--- Data shown ---

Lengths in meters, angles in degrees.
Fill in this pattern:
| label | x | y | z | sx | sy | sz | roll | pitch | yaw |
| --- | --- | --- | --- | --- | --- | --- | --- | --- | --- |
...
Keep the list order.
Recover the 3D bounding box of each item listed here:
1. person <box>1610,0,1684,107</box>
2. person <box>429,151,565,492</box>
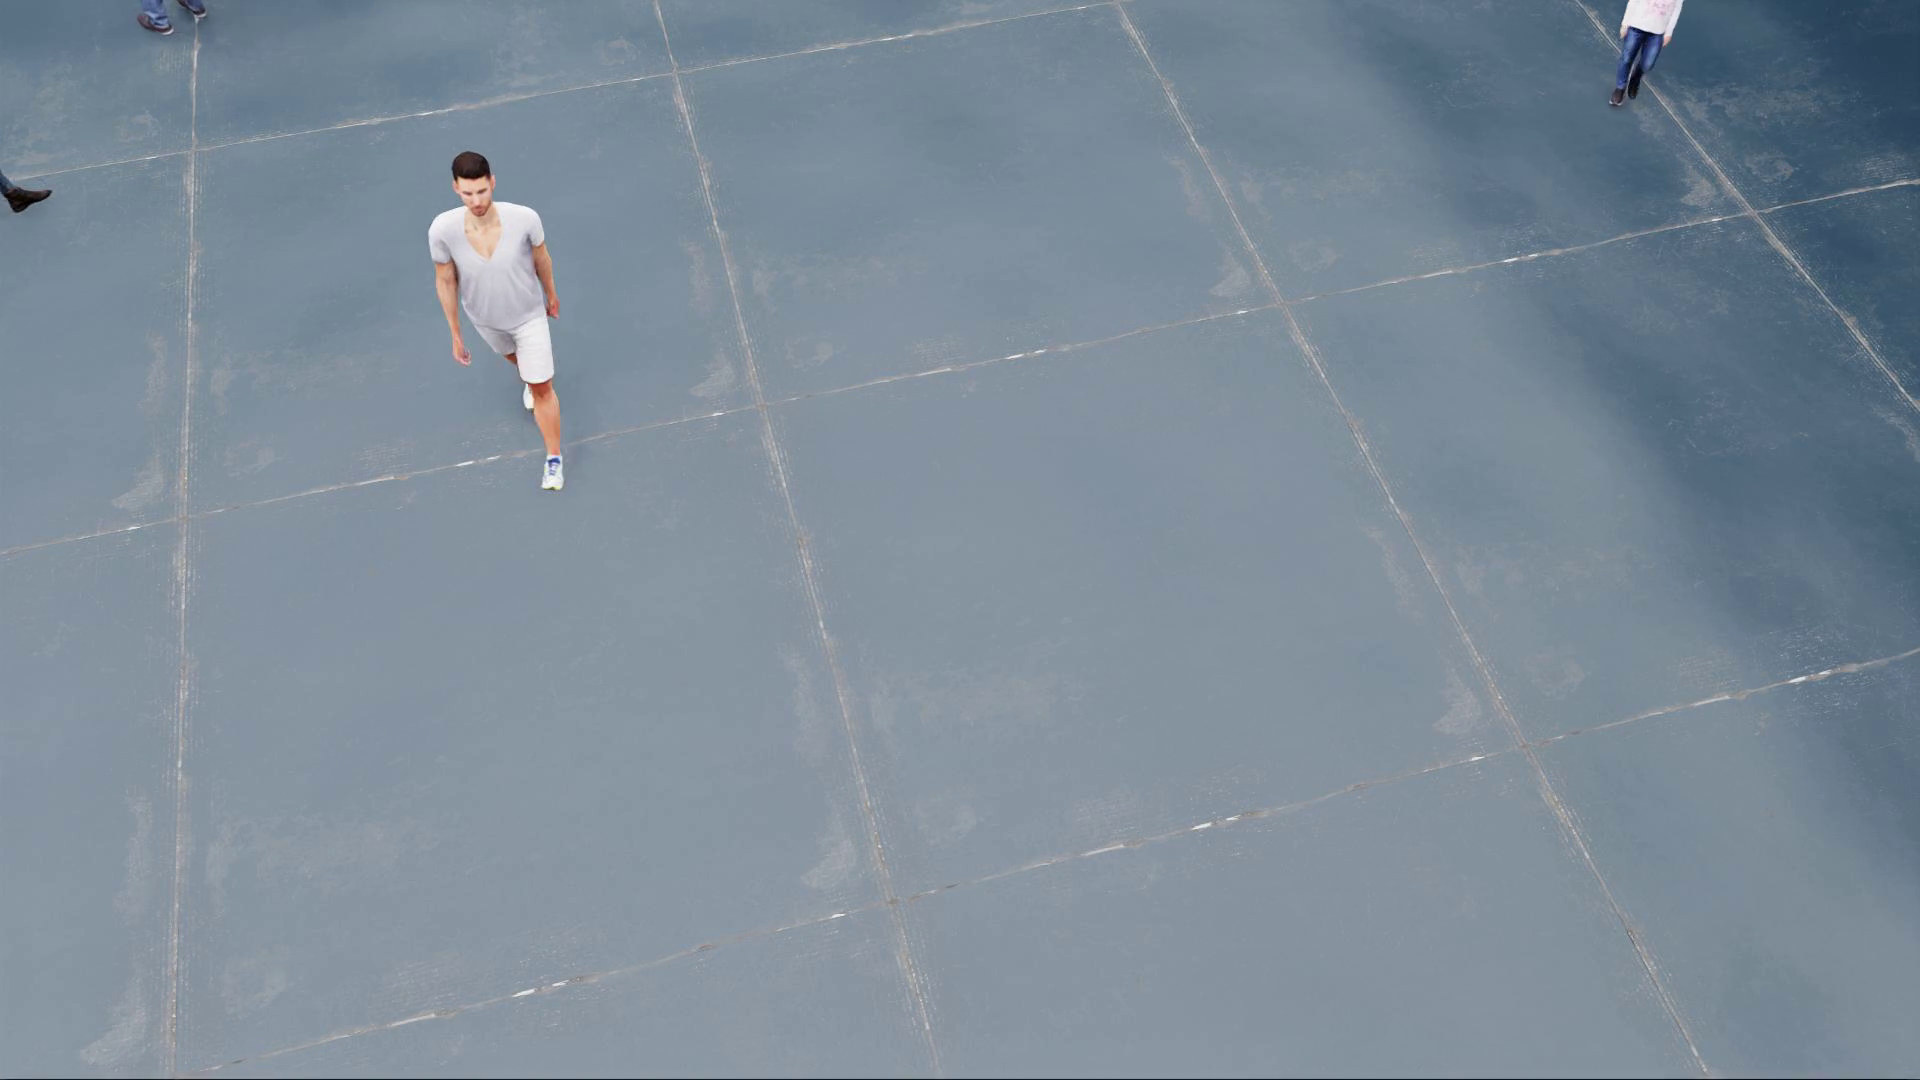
| label | x | y | z | sx | sy | sz | roll | pitch | yaw |
| --- | --- | --- | --- | --- | --- | --- | --- | --- | --- |
| person | 4.217 | -3.180 | 10.159 | 0.545 | 1.109 | 0.601 | 20 | 55 | 15 |
| person | -2.243 | -1.200 | 8.192 | 0.791 | 1.795 | 1.262 | -6 | 53 | -5 |
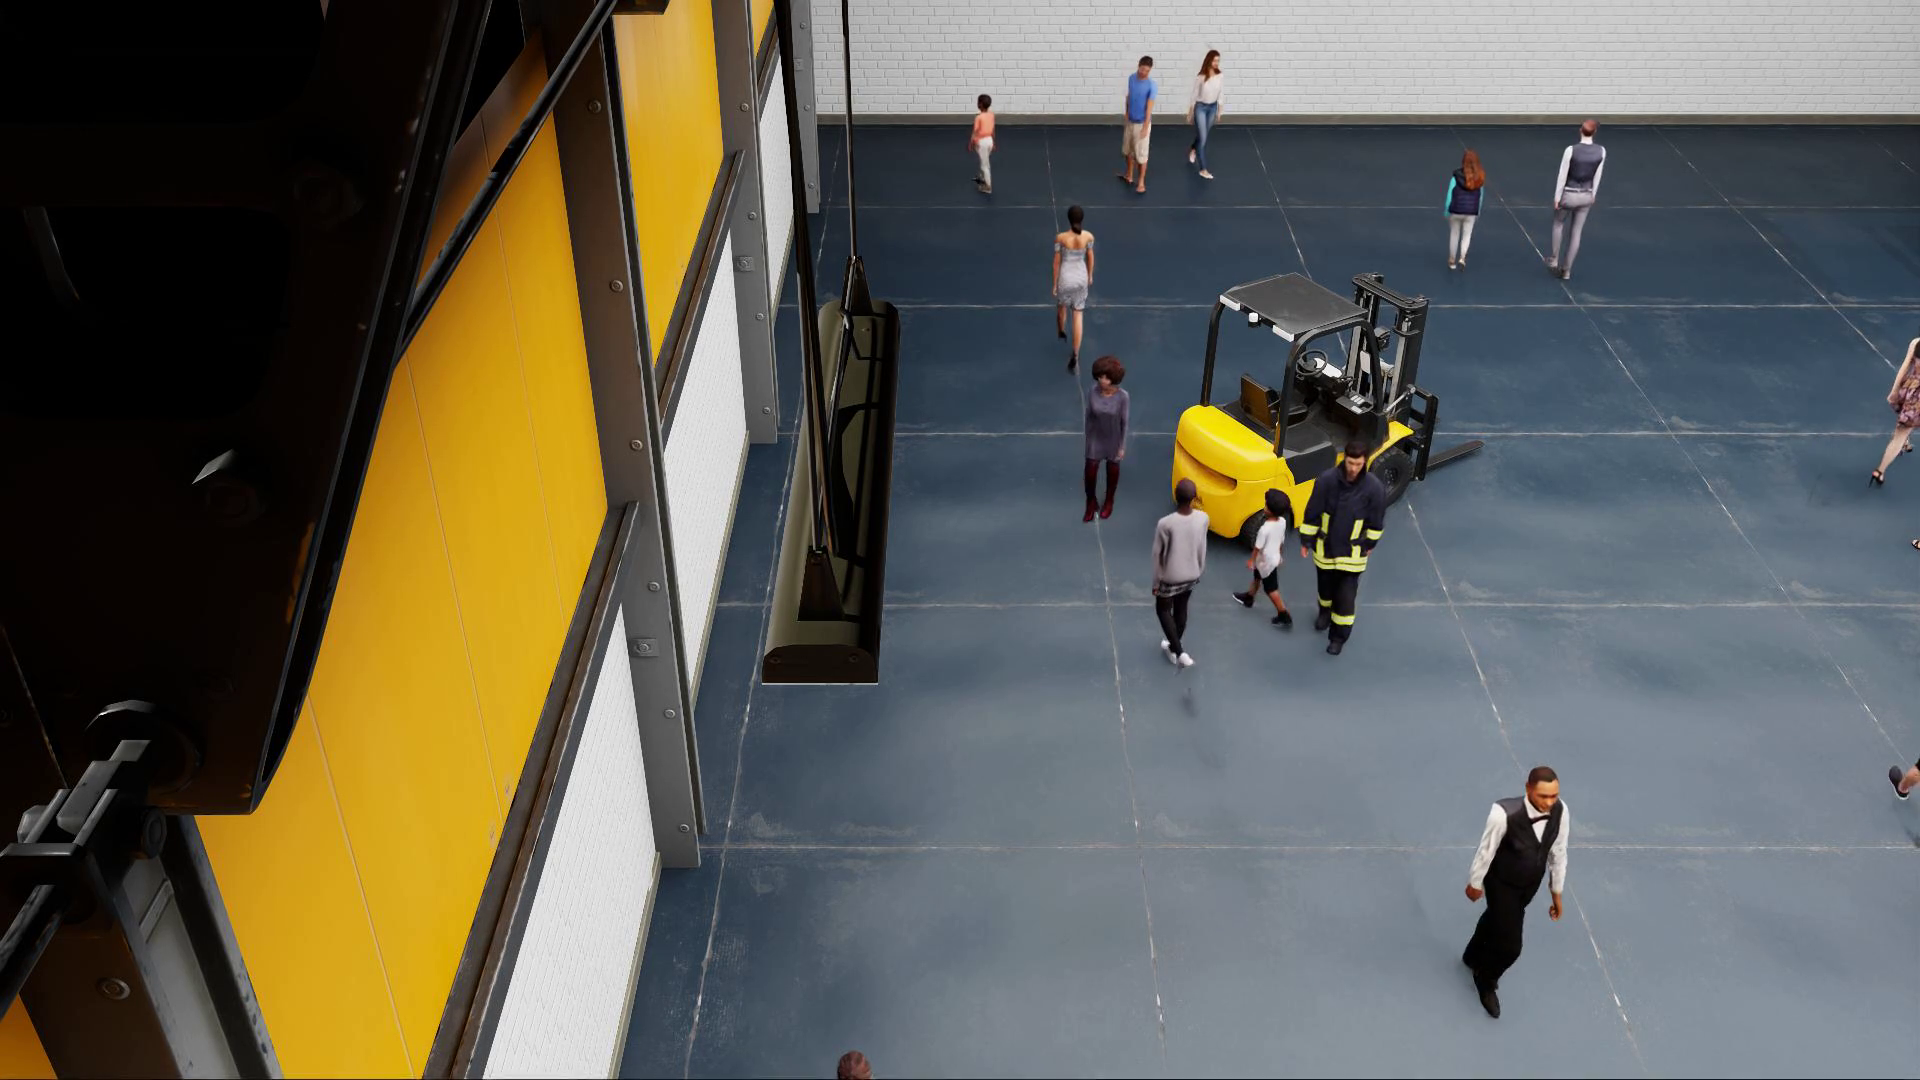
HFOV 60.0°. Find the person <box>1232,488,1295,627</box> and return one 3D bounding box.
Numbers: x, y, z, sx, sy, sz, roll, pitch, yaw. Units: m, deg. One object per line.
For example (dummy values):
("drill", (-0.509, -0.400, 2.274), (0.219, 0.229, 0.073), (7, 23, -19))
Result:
("person", (2.644, 0.165, 14.024), (0.884, 1.246, 0.853), (26, 41, 33))

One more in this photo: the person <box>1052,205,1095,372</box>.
("person", (1.220, -2.658, 17.789), (0.704, 1.778, 1.099), (-3, 34, -5))

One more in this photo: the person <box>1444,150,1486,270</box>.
("person", (6.055, -3.935, 19.963), (0.614, 1.498, 0.675), (4, 34, 6))

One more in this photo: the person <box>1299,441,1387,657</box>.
("person", (3.148, -0.049, 13.755), (1.012, 1.899, 1.127), (13, 36, 18))

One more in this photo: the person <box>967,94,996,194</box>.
("person", (0.367, -5.259, 22.143), (0.777, 1.291, 0.714), (28, 43, 35))

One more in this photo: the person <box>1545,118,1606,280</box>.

---

Exercise prompt: Copy out every line of the records that the string "bounding" appears in.

Result of the exercise:
Recover the 3D bounding box of each item listed here:
HFOV 60.0°. Find the person <box>1232,488,1295,627</box> and return one 3D bounding box.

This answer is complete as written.